Still, Qorsho left a legacy of influence among the teachers at Gideon Pond, Sue said. Her kids sometimes learn Somali songs in music class, or watch a Somali dance group perform in school.
Sue hopes that Somali students in Burnsville can see themselves in her, too. If she had been able to see someone who looked like her on the school board growing up in Burnsville, Sue said, it would have helped her develop self-confidence.

“When we take up space in places that we never thought we could be in, it really changes the trajectory of all of it, and our youth become successful,” she said.

‘If you give to the community, they will give back to you’

Abdihakim Arabow Ibrahim will be the first Somali American school-board member in St. Louis Park.

“We need true representation that reflects all of us,” he said. “I believe I can help the schools to be more inclusive.”

A 36-year-old electrical engineer and father of four, Abdihakim immigrated to the United States in 2014 to join his wife, an American citizen. He promptly became deeply involved in the community as an activist: joining the St. Louis Park Police Advisory Commission, encouraging votes for a school funding referendum, and urging people to take the census.
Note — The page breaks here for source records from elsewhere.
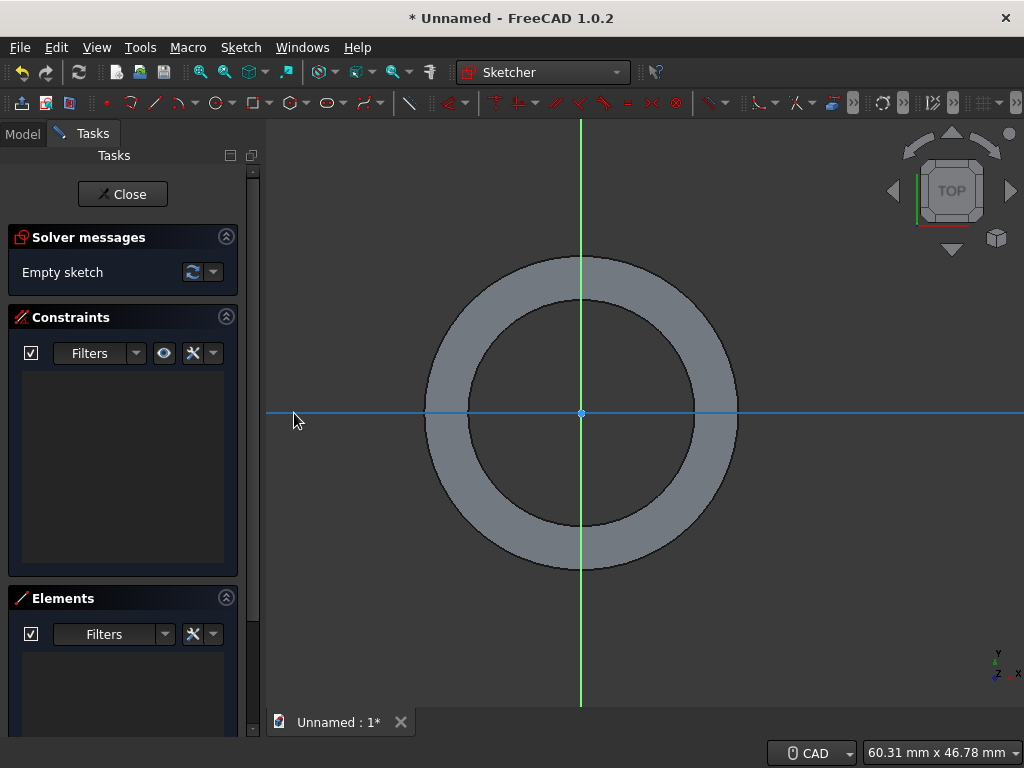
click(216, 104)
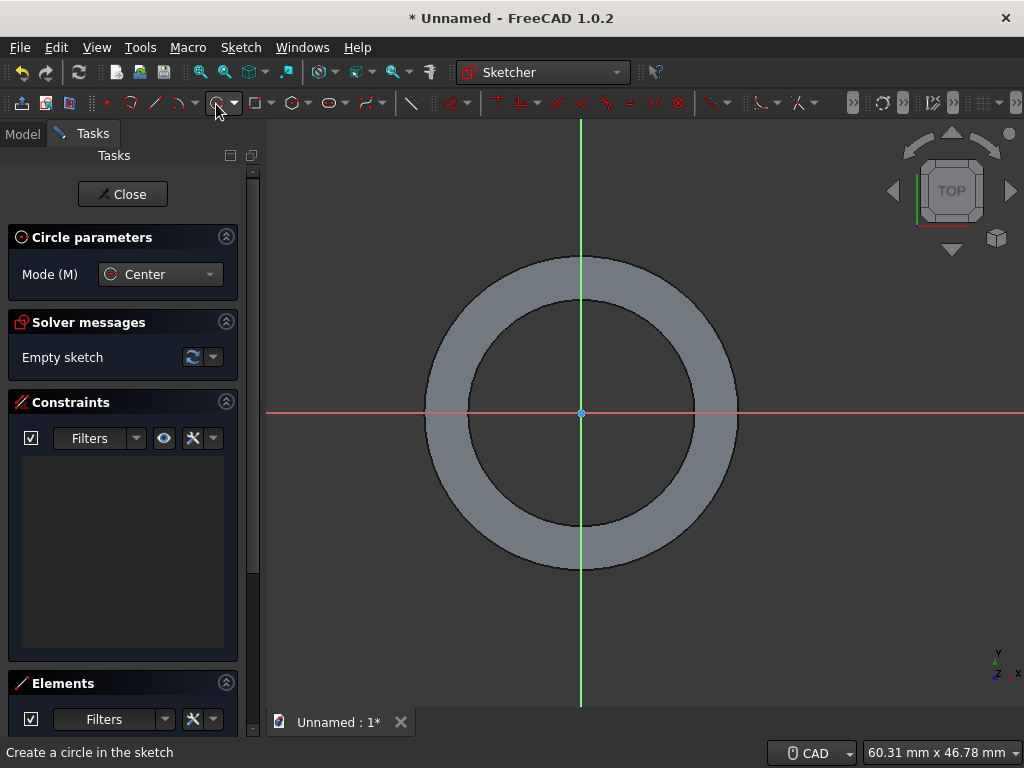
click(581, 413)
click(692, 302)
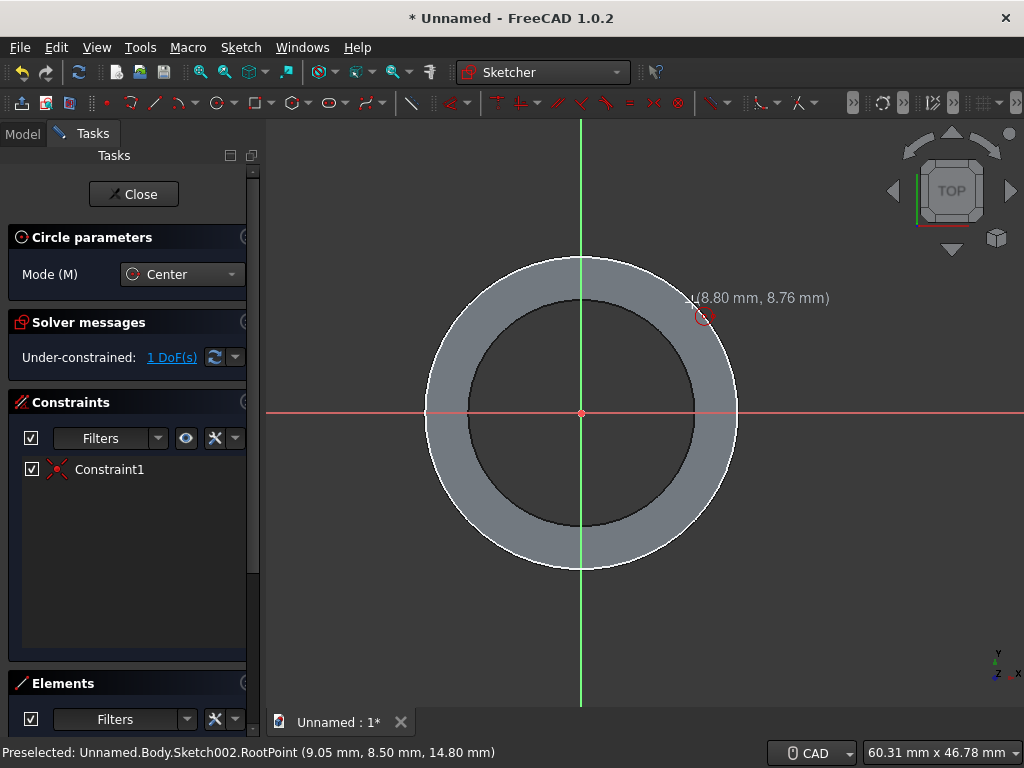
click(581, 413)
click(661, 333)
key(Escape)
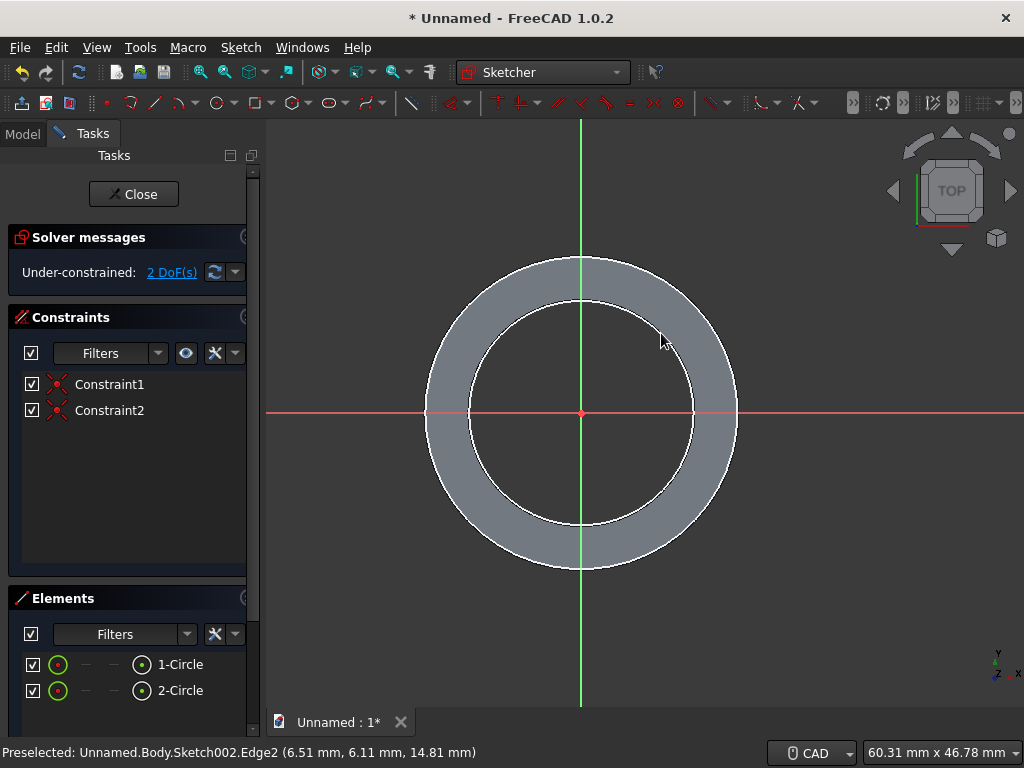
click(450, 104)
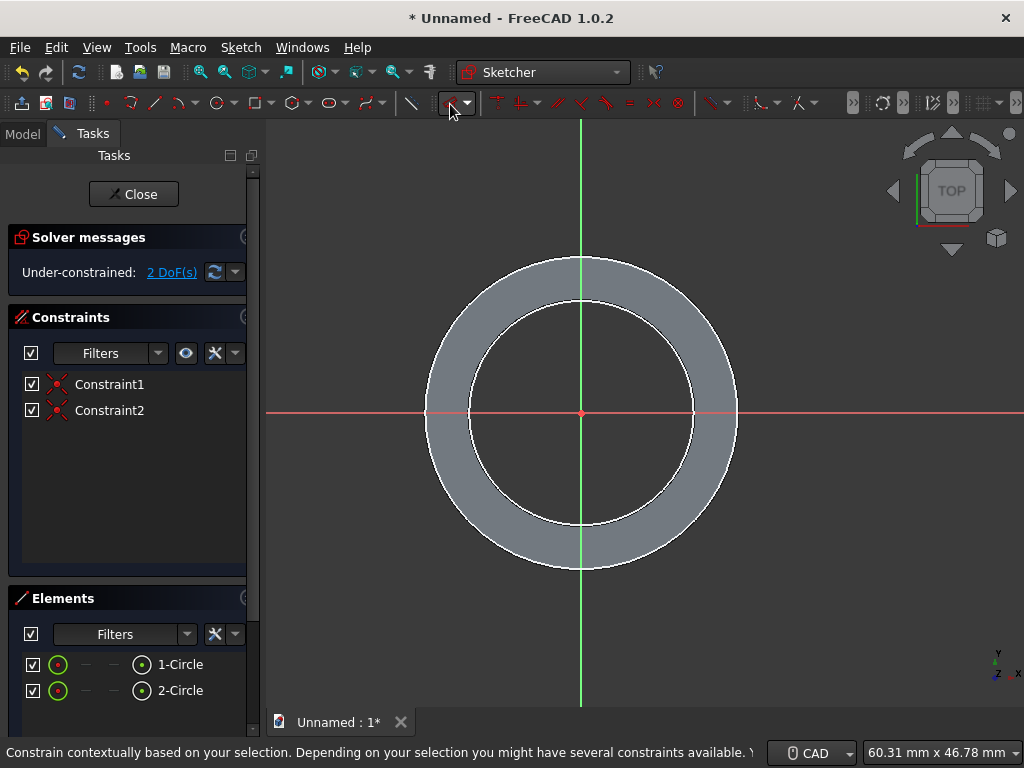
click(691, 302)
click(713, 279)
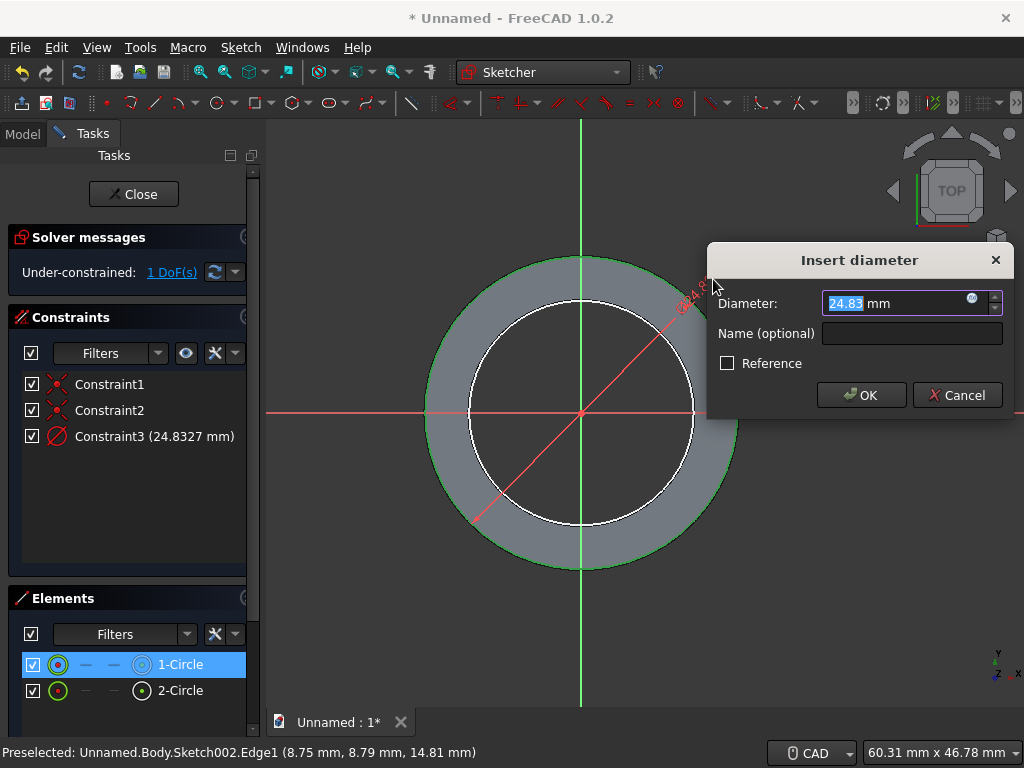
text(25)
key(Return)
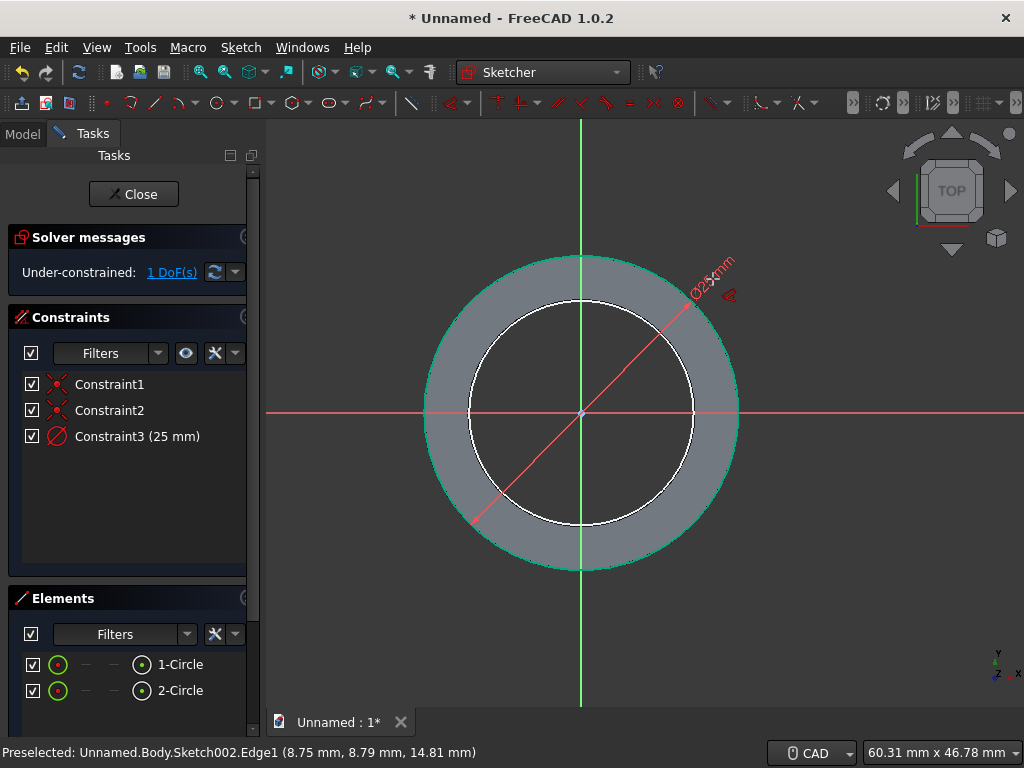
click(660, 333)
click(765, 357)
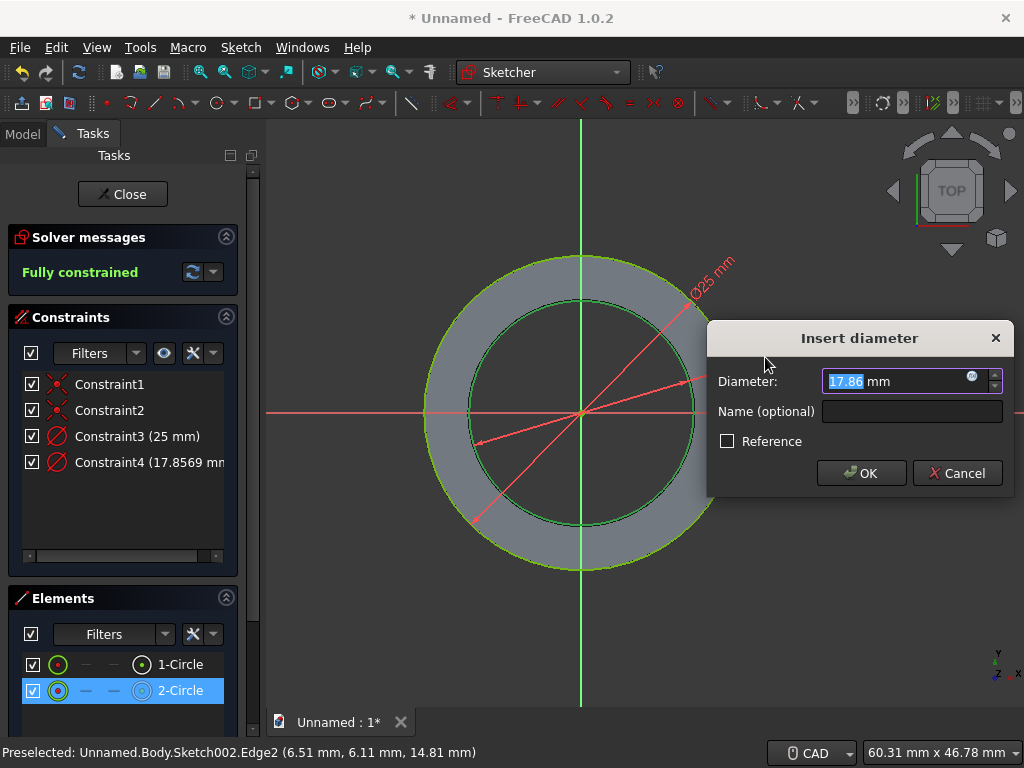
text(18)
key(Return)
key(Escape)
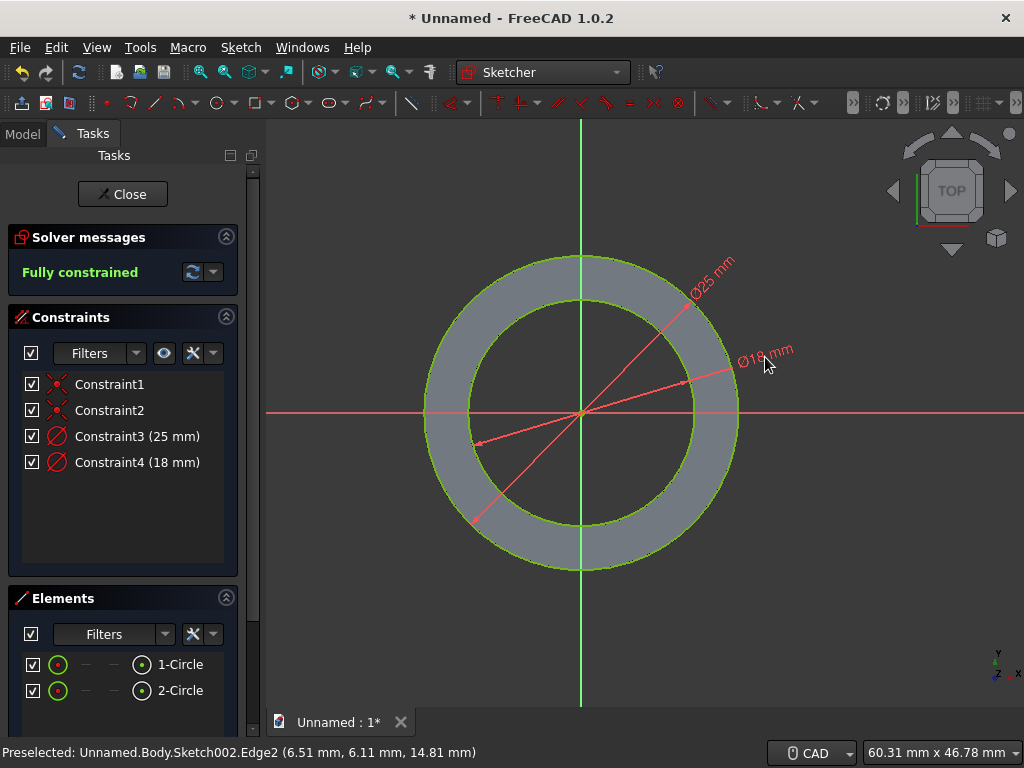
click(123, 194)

Abdihakim, who earned his electrical engineering degree in Pakistan and speaks five languages—English, Somali, Arabic, Hindi, and Urdu—hopes to improve services for the district’s multilingual learners.

Right now, he said, interventions for students with delayed speech are not available to those who speak another language at home. (Sahan Journal reached out to St. Louis Park Public Schools for insights into this question.) He also believes pulling students out of their regular classes for English language instruction puts them behind in their other classes.

Parents should get prompt notification about those services, too, Abdihakim says. He thinks the district can do more to communicate with parents who struggle with technology, and utilize cultural liaisons more frequently—not just when there is a problem.

He also wants to address discipline disparities. In 2018, the St. Louis Park school district agreed to a settlement with the Minnesota Department of Human Rights to reduce racial disparities in suspensions and expulsions, one of 42 districts and charter schools in the state to do so.

Nadia Mohamed, who was elected in 2019 as St. Louis Park’s first Somali American city council member, wasn’t surprised that Abdihakim won. “If you give to the community, they will give back to you,” she said.